For every record below, write out an exact copy.

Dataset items
------------
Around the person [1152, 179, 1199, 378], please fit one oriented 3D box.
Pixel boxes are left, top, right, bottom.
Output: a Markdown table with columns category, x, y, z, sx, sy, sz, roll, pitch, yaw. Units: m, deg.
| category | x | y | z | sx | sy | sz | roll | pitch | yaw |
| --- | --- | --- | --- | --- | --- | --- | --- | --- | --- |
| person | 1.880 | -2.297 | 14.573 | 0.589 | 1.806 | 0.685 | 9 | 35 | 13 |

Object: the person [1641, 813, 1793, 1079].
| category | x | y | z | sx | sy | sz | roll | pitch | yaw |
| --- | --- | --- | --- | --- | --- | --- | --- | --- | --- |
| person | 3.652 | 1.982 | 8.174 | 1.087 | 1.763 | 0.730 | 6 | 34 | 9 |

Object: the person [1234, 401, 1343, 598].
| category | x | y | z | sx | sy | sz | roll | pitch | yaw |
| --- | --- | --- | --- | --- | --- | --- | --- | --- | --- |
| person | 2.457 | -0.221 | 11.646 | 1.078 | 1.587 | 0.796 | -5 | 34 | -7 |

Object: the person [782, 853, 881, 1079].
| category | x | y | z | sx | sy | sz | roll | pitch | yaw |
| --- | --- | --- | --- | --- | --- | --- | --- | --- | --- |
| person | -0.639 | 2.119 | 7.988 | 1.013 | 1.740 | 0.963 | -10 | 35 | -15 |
------------
### OUTPUT BELOW:
Around the person [1152, 179, 1199, 378], please fit one oriented 3D box.
Pixel boxes are left, top, right, bottom.
Output: a Markdown table with columns category, x, y, z, sx, sy, sz, roll, pitch, yaw. Units: m, deg.
| category | x | y | z | sx | sy | sz | roll | pitch | yaw |
| --- | --- | --- | --- | --- | --- | --- | --- | --- | --- |
| person | 1.880 | -2.297 | 14.573 | 0.589 | 1.806 | 0.685 | 9 | 35 | 13 |

Object: the person [1641, 813, 1793, 1079].
| category | x | y | z | sx | sy | sz | roll | pitch | yaw |
| --- | --- | --- | --- | --- | --- | --- | --- | --- | --- |
| person | 3.652 | 1.982 | 8.174 | 1.087 | 1.763 | 0.730 | 6 | 34 | 9 |

Object: the person [1234, 401, 1343, 598].
| category | x | y | z | sx | sy | sz | roll | pitch | yaw |
| --- | --- | --- | --- | --- | --- | --- | --- | --- | --- |
| person | 2.457 | -0.221 | 11.646 | 1.078 | 1.587 | 0.796 | -5 | 34 | -7 |

Object: the person [782, 853, 881, 1079].
| category | x | y | z | sx | sy | sz | roll | pitch | yaw |
| --- | --- | --- | --- | --- | --- | --- | --- | --- | --- |
| person | -0.639 | 2.119 | 7.988 | 1.013 | 1.740 | 0.963 | -10 | 35 | -15 |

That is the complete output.